$U^*\otimes V$ versus $L(U,V)$ for infinite dimensional spaces

Solution 1:

Suppose we are over an infinite field $\Bbbk$, and let $\dim(U) = \kappa$, $\dim(V) = \lambda$.

  • This great answer of Arturo Magidin shows that $|U^*| = |\Bbbk|^\kappa$. Basically $U^*$ is in bijection with maps from a basis of $U$ to $\Bbbk$.
  • When the spaces are infinite, the cardinality of the tensor product is the product of the cardinalities.
    • There is a surjection $\bigsqcup_{n \geq 0} (X \times Y)^n$ to $X \otimes Y$ given by linear combinations.
    • $|X \otimes Y|$ is obviously at least $|X| |Y|$: there is an injection given by $x \otimes y$.
  • Therefore $|U^* \otimes V| = |U^*| |V| = |\Bbbk|^\kappa \lambda$
  • On the other hand, $L(U,V)$ is in bijection with maps from a basis of $U$ to $V$. Therefore $|L(U,V)| = |V|^\kappa = |\Bbbk|^\kappa \lambda^\kappa$.

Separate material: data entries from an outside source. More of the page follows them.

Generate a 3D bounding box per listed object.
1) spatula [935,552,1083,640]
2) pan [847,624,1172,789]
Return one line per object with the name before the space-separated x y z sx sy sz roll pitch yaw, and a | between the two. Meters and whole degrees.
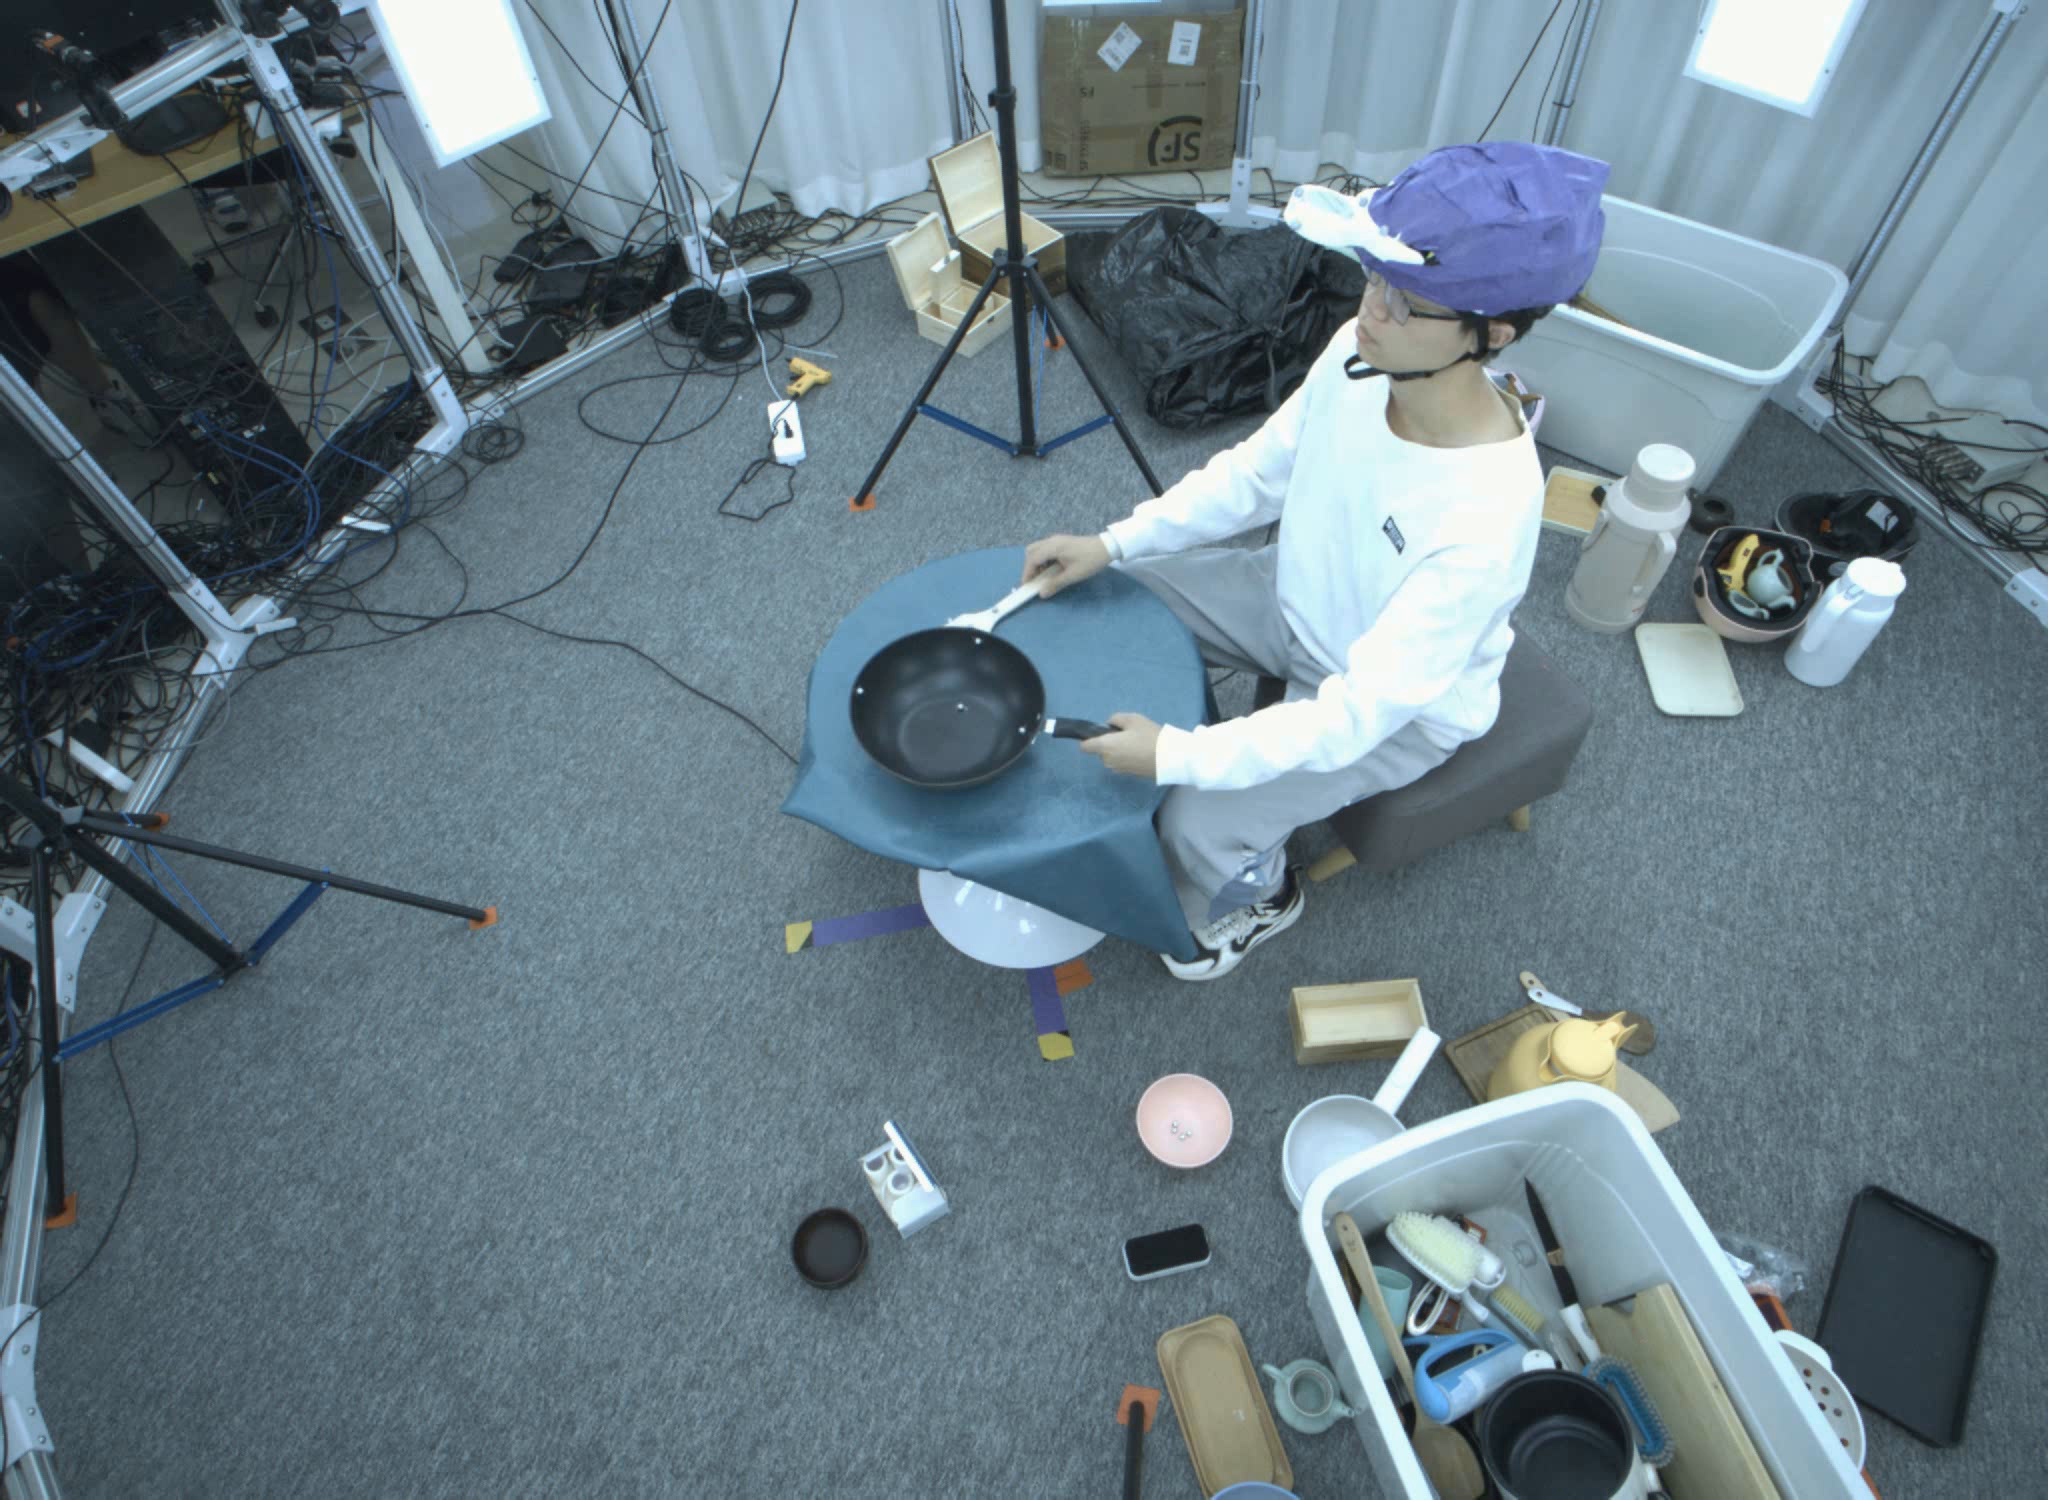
spatula | -0.024 -0.233 1.936 0.295 0.011 0.071 -36 58 -18
pan | -0.021 -0.030 1.746 0.462 0.087 0.287 12 56 5

So if $|\Bbbk|^\kappa \lambda < |\Bbbk|^\kappa \lambda^\kappa$ (equality can happen), then the two spaces don't have the same dimension. So they can't be isomorphic. For example, assume the continuum hypothesis and the axiom of choice (sorry set theorists) and take $|\Bbbk| = \aleph_0$ (e.g. $\Bbbk = \mathbb{Q}$), $\lambda = \aleph_\omega$ and $\kappa = \operatorname{cof}(\lambda) = \aleph_0$. Then by König's theorem $\lambda^{\operatorname{cof}(\lambda)} > \lambda$, so: $$|\Bbbk|^\kappa \lambda = \aleph_0^{\aleph_0} \aleph_\omega = 2^{\aleph_0} \aleph_\omega \overset{\mathsf{CH}}{=} \aleph_1 \aleph_\omega = \aleph_\omega = \lambda < \lambda^\kappa = |\Bbbk|^\kappa \lambda^\kappa.$$


In general though, the spaces can be isomorphic. For example is both spaces have countably infinite dimension over $\mathbb{R}$, then both $U^* \otimes V$ and $L(U,V)$ have dimensions $2^{\aleph_0}$ and so they are isomorphic, though one would be hard-pressed to describe an explicit isomorphism.

  • A trivial example: if $V = \Bbbk$, then you're wondering whether $U^*$ is isomorphic to $L(U, \Bbbk)$...
  • If $U$ is finite dimensional, then the usual map is an isomorphism (see below).

But if both $U$, $V$ are infinite dimensional, they are not naturally isomorphic, at least through the only obvious natural map.

In the finite dimensional case, the natural isomorphism looks like this: $\varphi \otimes v \mapsto (u \mapsto \varphi(u)v)$. When the spaces are infinite dimensional, this is not an isomorphism! Indeed any element of $L(U,V)$ in the image has finite dimensional range. But there are elements in $L(U,V)$ with infinite dimensional range, obviously.